There is something incredibly rare about having someone in your life who has witnessed your evolution over three decades. Someone who knew you before the career, before the titles, before the accomplishments, and before the healing. We grew up, built lives, experienced setbacks, learned hard lessons, and somehow remained connected through it all. What I think makes our partnership work is that there has never been a need to pretend. We’ve seen the messy parts. We’ve seen the struggles. We’ve seen the moments when life wasn’t going according to plan. We’ve also seen the resilience, growth, and determination that have helped us keep moving forward. By the time we eventually decided to build something together, the trust was already there. Neither of us had to wonder who the other person was when things got difficult because we’d already lived through difficult seasons together.
Mindful Motion wasn’t born from a business strategy meeting. It was born from conversations between two people who understood struggle, healing, personal growth, and the importance of creating spaces where people feel supported. Over the years, we both found our own paths toward healing and self-discovery. We experienced firsthand how transformative it can be when someone is given the space to slow down, reconnect, and simply breathe. Eventually, those conversations turned into a shared vision. What if we could create those experiences for other people? What if we could build a community centered around connection, healing, growth, and authenticity? That’s how Mindful Motion began. Looking back, I don’t think either of us could have imagined at twelve years old that we’d one day be business partners. But I think the reason our partnership works so well is that it was never built on business alone. It was built on thirty years of friendship. On trust earned over time. On showing up for one another through every season of life. And perhaps most importantly, on knowing each other’s stories well enough to understand not just who we are today, but everything it took to get here. In a world where business relationships often come and go, I don’t take that for granted. Very few people get the opportunity to build a company with someone who has been part of their life for over three decades. I’m grateful that I do.

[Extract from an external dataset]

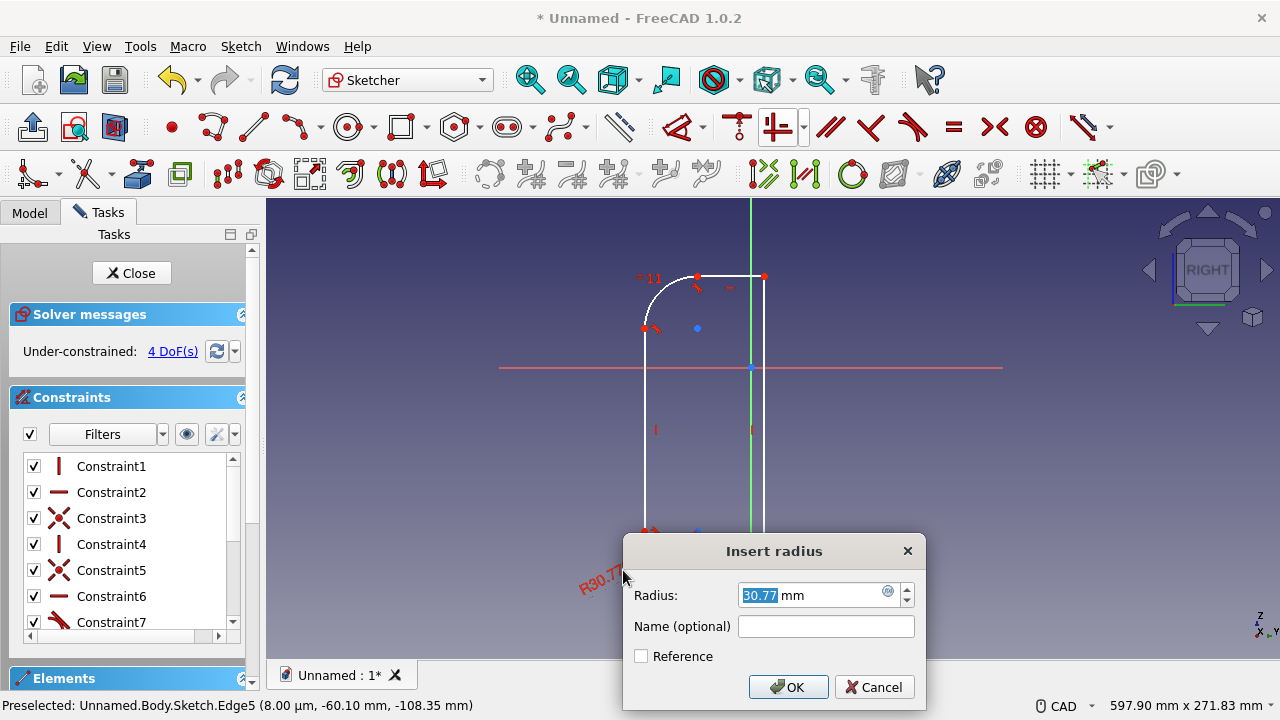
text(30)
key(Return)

Let’s talk about resilience next – do you have a story you can share with us?
One of the biggest lessons I’ve learned about resilience is that meaningful things are rarely built under perfect circumstances. People often assume businesses are started when life is calm, resources are plentiful, and everything is neatly planned out. That certainly wasn’t our experience. When Brandon and I started building Mindful Motion, neither of us had unlimited time, energy, or a perfect roadmap. We were two people with careers, responsibilities, families, and full lives trying to create something we genuinely believed could make a difference. What many people don’t see behind a business is the countless hours that happen before anyone knows it exists. The conversations. The planning. The second-guessing. The long days followed by even longer nights. The moments when you’re investing time, money, and energy into something without any guarantee that it will succeed. There were plenty of reasons not to do it. Both of us already had demanding schedules. There were easier ways to spend our free time. There were safer choices. But every time we talked about what we wanted Mindful Motion to become, we kept coming back to the same belief: people are craving genuine connection. Not another app. Not another distraction. Not another obligation.

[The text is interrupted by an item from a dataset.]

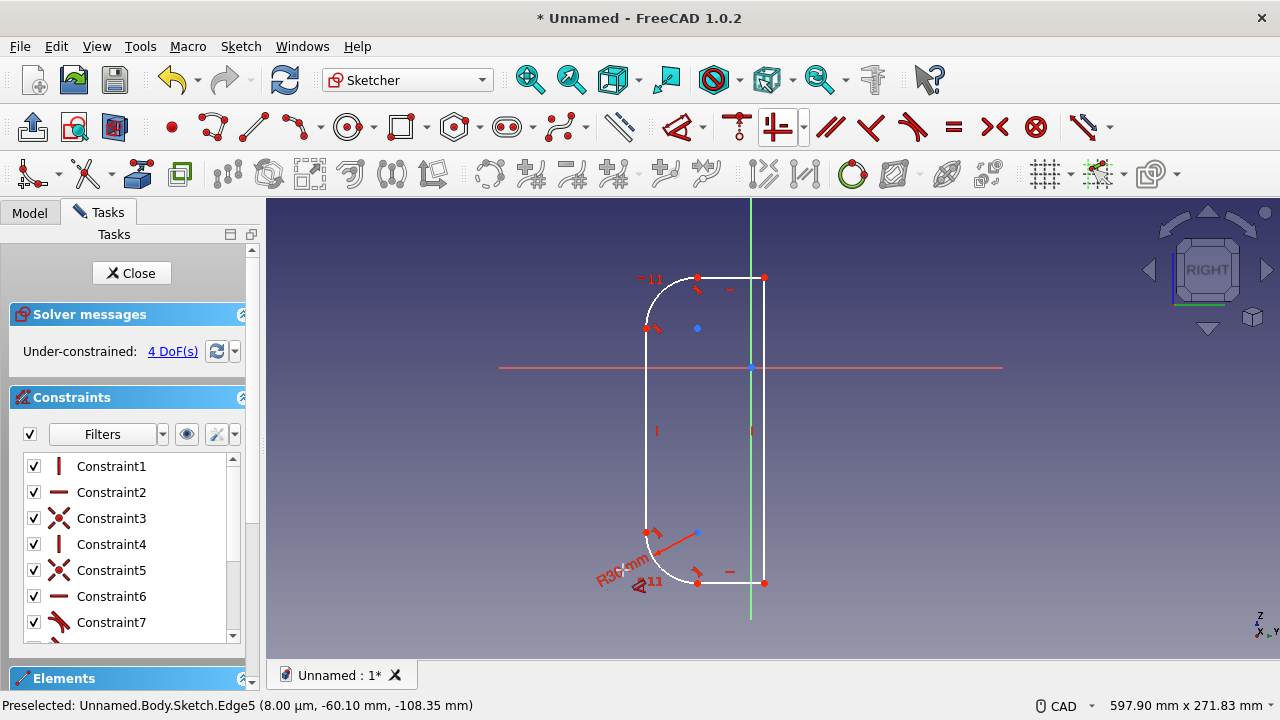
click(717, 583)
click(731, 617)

Connection. Community. A place where they could simply show up as they are. So we kept going. We started small. We learned as we went. Some events exceeded our expectations. Some taught us valuable lessons. Some required us to adapt, pivot, and try again. That’s the reality of entrepreneurship that people don’t always talk about. Success is rarely one giant breakthrough. It’s hundreds of small decisions that keep you showing up. It’s solving problems you didn’t anticipate. It’s learning in real time. It’s continuing to believe in the vision before there’s evidence that anyone else will.
One of my favorite moments happened when we started seeing people return. Not because of marketing. Not because of promotions. Because the experience genuinely meant something to them. People began bringing friends. Family members. Coworkers. They shared stories about feeling more connected, more grounded, and more supported. That’s when I realized we weren’t simply hosting events. We were building community. To me, resilience isn’t just surviving difficult circumstances. It’s having the patience to build something meaningful one step at a time, especially when progress feels slow. Mindful Motion wasn’t created overnight. It was built through consistency, trust, partnership, and a shared commitment to keep moving forward. Looking back, I’m proud that we didn’t wait for the perfect moment.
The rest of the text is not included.